Search case and diacritics sensitivity

For Recoll versions 1.18 and later, and when working with a raw index (not the default), searches can be sensitive to character case and diacritics. How this happens is controlled by configuration variables and what search data is entered.

The general default is that searches entered without upper-case or accented characters are insensitive to case and diacritics. An entry of resume will match any of Resume, RESUME, résumé, Résumé etc.

Two configuration variables can automate switching on sensitivity (they were documented but actually did nothing until Recoll 1.22):

autodiacsens

If this is set, search sensitivity to diacritics will be turned on as soon as an accented character exists in a search term. When the variable is set to true, resume will start a diacritics-unsensitive search, but résumé will be matched exactly. The default value is false.

autocasesens

If this is set, search sensitivity to character case will be turned on as soon as an upper-case character exists in a search term except for the first one. When the variable is set to true, us or Us will start a diacritics-unsensitive search, but US will be matched exactly. The default value is true (contrary to autodiacsens).

As in the past, capitalizing the first letter of a word will turn off its stem expansion and have no effect on case-sensitivity.
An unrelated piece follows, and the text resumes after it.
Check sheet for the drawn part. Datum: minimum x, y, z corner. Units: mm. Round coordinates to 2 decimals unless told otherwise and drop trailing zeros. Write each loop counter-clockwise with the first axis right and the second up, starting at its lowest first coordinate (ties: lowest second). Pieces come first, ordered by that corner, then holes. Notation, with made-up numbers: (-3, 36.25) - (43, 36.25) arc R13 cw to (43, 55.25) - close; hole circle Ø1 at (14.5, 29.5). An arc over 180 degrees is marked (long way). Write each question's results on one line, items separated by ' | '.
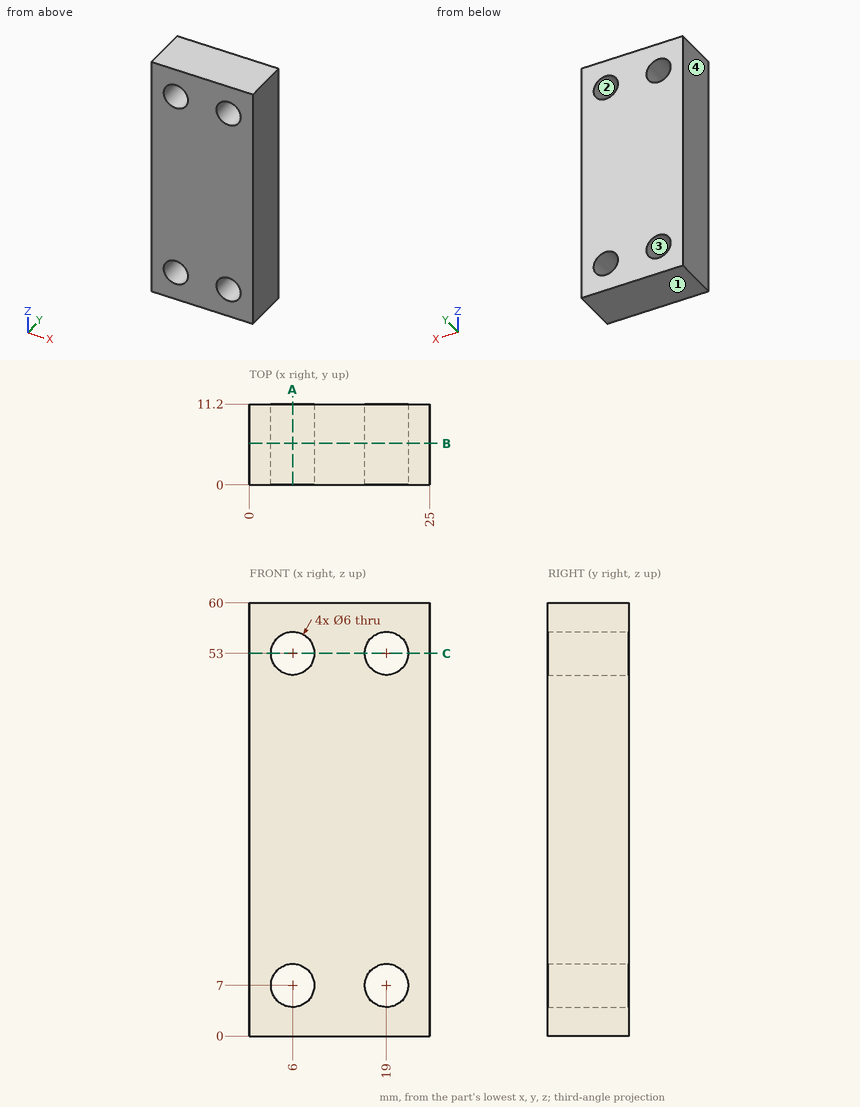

You can also explicitly activate case and diacritics sensitivity by using modifiers with the query language. C will make the term case-sensitive, and D will make it diacritics-sensitive. Examples:

        "us"C
      

will search for the term us exactly (Us will not be a match).

        "resume"D
      

will search for the term resume exactly (résumé will not be a match).

When either case or diacritics sensitivity is activated, stem expansion is turned off. Having both does not make much sense.